These are all valid methods to qualify DATE
or TIMESTAMP
values within a range using a WHERE
filter:
market_date BETWEEN '2020-01-01' AND '2020-12-31'
EXTRACT(YEAR FROM market_date) = 2020
DATE_TRUNC('YEAR', market_date) = '2020-01-01'
market_date >= '2020-01-01' AND market_date <= '2020-12-31'
The only additional thing to note is that DATE_TRUNC
returns a TIMESTAMP
data type which can be cast back to a regular DATE
using the ::DATE
notation when used in a SELECT
query.
BETWEEN
Boundaries
An additional note for question 5 - the boundaries for the BETWEEN
clause must be earlier-date-first
AND later-date-second
See what happens when you reverse the order of the DATE
boundaries using the query below - does it match your expectation?

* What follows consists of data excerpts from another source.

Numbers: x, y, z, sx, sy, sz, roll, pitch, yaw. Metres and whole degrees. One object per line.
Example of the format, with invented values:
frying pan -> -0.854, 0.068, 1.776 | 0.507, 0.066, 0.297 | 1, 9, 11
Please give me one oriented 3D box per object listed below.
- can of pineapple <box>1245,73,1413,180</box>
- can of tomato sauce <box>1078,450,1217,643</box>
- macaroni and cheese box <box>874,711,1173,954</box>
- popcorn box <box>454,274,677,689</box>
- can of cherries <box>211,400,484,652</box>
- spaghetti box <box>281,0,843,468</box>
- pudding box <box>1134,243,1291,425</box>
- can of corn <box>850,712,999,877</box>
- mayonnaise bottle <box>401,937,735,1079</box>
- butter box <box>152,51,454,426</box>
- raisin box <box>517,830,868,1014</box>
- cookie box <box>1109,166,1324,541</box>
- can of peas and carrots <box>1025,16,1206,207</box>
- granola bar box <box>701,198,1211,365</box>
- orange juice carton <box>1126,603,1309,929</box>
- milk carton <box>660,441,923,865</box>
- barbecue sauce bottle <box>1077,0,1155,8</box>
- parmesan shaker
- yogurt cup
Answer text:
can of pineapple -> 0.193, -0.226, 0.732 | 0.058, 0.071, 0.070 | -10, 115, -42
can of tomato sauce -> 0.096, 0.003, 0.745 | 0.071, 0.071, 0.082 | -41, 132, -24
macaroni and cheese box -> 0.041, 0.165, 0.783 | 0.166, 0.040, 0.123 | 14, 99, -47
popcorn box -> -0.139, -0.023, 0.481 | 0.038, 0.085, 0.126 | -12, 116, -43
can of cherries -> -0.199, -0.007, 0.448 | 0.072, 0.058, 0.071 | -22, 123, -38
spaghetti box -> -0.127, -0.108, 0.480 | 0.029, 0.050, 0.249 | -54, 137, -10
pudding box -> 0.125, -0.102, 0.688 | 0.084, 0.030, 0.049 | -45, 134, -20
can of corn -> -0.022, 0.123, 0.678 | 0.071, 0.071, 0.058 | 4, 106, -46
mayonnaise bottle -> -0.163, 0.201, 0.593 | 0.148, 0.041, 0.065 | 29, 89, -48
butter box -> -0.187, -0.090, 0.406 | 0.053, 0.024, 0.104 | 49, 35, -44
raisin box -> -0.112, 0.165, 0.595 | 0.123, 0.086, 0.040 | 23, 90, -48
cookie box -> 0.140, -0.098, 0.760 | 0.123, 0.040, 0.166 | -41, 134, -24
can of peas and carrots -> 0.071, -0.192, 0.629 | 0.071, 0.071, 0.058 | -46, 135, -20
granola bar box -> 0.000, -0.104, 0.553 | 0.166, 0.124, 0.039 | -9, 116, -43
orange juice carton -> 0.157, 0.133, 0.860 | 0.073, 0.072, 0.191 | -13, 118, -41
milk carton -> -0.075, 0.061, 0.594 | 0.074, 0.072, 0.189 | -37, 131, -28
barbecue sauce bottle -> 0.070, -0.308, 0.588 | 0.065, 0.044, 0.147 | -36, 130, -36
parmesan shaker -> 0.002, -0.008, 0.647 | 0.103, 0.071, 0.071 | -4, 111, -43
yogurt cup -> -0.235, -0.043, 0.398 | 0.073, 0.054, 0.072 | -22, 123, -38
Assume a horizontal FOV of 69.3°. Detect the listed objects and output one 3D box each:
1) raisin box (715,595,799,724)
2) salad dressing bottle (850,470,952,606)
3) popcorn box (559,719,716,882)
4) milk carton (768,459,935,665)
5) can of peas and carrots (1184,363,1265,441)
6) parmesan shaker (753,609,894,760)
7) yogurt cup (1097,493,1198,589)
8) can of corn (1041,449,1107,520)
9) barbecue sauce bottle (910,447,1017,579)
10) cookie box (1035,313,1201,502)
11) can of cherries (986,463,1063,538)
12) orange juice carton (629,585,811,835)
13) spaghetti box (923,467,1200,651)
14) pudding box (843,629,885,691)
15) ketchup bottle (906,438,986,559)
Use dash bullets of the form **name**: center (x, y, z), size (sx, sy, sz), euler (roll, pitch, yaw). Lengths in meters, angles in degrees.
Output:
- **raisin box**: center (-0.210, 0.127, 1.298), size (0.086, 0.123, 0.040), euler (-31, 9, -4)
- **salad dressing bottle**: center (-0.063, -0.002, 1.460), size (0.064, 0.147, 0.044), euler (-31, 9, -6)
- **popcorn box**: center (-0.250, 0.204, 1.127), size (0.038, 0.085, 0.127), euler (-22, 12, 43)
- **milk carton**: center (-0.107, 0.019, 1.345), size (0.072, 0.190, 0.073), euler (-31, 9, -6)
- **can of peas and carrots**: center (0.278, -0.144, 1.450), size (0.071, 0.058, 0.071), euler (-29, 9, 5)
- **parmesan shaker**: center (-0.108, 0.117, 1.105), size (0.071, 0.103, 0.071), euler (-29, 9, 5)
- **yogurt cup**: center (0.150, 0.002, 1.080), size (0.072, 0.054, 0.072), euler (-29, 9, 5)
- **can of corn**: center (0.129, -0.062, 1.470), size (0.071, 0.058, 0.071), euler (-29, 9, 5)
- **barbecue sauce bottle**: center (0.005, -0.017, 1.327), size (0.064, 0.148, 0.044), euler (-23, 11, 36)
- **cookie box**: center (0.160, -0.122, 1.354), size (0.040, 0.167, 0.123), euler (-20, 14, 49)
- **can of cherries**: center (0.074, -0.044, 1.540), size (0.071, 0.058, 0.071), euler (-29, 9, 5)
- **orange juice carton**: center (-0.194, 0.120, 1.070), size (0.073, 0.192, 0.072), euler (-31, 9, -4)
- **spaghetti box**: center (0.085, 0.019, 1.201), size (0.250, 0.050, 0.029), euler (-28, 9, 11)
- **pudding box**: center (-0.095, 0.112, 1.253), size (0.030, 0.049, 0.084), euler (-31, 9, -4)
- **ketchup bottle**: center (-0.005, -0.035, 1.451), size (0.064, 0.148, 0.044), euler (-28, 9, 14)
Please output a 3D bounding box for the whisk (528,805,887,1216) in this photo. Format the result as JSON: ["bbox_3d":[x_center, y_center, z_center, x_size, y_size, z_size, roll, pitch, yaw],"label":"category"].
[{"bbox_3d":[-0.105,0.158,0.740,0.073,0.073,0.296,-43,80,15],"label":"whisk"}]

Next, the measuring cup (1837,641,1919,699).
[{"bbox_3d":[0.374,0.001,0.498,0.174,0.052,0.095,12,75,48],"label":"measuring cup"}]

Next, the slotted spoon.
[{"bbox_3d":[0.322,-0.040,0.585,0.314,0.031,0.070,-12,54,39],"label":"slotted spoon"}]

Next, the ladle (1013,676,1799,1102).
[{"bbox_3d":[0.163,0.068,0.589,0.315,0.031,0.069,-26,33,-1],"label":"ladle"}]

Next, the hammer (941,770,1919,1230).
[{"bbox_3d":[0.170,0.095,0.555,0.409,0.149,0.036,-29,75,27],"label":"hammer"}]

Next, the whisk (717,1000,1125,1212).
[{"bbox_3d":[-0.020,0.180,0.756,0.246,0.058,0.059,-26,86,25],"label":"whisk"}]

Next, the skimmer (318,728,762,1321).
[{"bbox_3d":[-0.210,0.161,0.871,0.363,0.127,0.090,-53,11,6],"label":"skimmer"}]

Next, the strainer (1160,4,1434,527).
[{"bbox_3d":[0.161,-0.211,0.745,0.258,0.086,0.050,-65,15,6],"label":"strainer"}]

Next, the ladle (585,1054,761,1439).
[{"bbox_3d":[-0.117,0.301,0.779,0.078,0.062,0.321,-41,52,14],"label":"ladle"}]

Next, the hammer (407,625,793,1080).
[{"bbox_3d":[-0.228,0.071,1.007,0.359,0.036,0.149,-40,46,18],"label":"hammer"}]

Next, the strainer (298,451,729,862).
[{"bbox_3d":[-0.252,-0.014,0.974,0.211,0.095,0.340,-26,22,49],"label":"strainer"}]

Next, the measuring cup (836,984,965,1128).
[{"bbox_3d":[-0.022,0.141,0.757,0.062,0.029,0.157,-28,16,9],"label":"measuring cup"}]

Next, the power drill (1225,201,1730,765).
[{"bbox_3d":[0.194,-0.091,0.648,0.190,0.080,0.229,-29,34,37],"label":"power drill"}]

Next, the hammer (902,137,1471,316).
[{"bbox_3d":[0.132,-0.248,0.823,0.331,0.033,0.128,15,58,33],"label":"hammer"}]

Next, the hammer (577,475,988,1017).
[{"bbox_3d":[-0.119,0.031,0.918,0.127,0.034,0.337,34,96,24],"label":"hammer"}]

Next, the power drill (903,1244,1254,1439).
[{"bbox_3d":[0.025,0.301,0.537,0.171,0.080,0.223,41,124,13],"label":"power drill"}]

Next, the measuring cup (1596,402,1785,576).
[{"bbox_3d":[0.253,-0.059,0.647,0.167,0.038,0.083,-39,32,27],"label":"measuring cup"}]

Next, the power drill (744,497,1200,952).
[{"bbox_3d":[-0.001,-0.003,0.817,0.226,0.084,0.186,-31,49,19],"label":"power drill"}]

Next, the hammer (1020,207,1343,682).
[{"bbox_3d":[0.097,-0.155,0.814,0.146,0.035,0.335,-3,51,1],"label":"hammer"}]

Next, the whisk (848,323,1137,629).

Click here to see the "wrong" code!
SELECT
AVG(price)
FROM trading.prices
WHERE ticker = 'BTC'
AND market_date BETWEEN '2020-12-31' AND '2020-01-01';
Rounding Floats/Doubles
In PostgreSQL - we cannot apply the ROUND
function directly to approximate FLOAT
or DOUBLE PRECISION
data types.
Instead we will need to cast any outputs from functions such as AVG
to an exact NUMERIC
data type before we can use it with other approximation functions such as ROUND
In question 6 - if we were to remove our ::NUMERIC
from our query - we would run into this error:
ERROR: function round(double precision, integer) does not exist
LINE 3: ROUND(AVG(price), 2) AS average_eth_price
^
HINT: No function matches the given name and argument types. You might need to add explicit type casts.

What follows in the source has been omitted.